Sanders: Poverty in Baltimore rivals West Bank, N. Korea

Democratic presidential candidate says infant mortality rate in two neighborhoods worse than among Palestinians

US Democratic presidential candidate Sen. Bernie Sanders (D-VT) speaks during a campaign event in Baltimore, Maryland, on April 23, 2016. (Mark Wilson/Getty Images/AFP)
US Democratic presidential candidate Sen. Bernie Sanders (D-VT) speaks during a campaign event in Baltimore, Maryland, on April 23, 2016. (Mark Wilson/Getty Images/AFP)

US Democratic presidential candidate Sen. Bernie Sanders told supporters at a rally in Maryland on Saturday that Baltimore’s poverty conditions rival those in North Korea and the West Bank.

“People don’t know this,” Sanders said during a rally at the Royal Farms Arena in Baltimore. “If you are born in Baltimore’s poorest neighborhoods, your life expectancy is almost 20 years shorter than if you are born in a wealthier neighborhood.

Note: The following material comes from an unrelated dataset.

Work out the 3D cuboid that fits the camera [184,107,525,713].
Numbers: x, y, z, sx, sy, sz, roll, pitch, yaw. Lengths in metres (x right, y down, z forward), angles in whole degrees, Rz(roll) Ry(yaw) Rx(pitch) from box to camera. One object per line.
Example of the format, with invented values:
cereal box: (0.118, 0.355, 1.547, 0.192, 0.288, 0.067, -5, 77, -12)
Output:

“Fifteen neighborhoods in Baltimore have lower life expectancies than North Korea,” he added. “Two [neighborhoods] have a higher infant mortality rate than the West Bank in Palestine… Baltimore teenagers between the ages of 15 to 19 face poorer health conditions and a worse economic outlook than those in distressed cities in Nigeria, India, China and South Africa.”

The CIA World Factbook website ranks the West Bank at No. 115 out of 224 countries with an infant mortality of babies below the age of 1 at a rate of 13.08 per 1,000 births. Afghanistan tops the list with 115.07 per 1,000 births, and Monaco is last with 1.82.

Sanders drew criticism in the past over his erroneous recollection in a New York Daily News interview of the number of Palestinian civilians killed in the 2014 Gaza conflict. Sanders said he thought the number was 10,000 dead, but the actual UN estimate was 1,423. When someone in the room did a quick search for the official number and offered the corrected figure, Sanders accepted it.

However, speaking on MSNBC on the day after the interview, Sanders again cited an incorrect — though far less inflated — figure. Acknowledging that he hadn’t known “the exact number” when he spoke to the New York Daily News, Sanders said that “according to the United Nations, over 2,000 civilians were killed” in the war, and repeated his allegation that Israel’s military actions were “disproportionate.”

Critics have seized upon the mistake and other Sanders statements — as well as his brief employment of a vociferous critic of Israeli policies as his Jewish outreach manager — as evidence that he subscribes to the opinion that Israel is the primary aggressor in the Israeli-Palestinian conflict.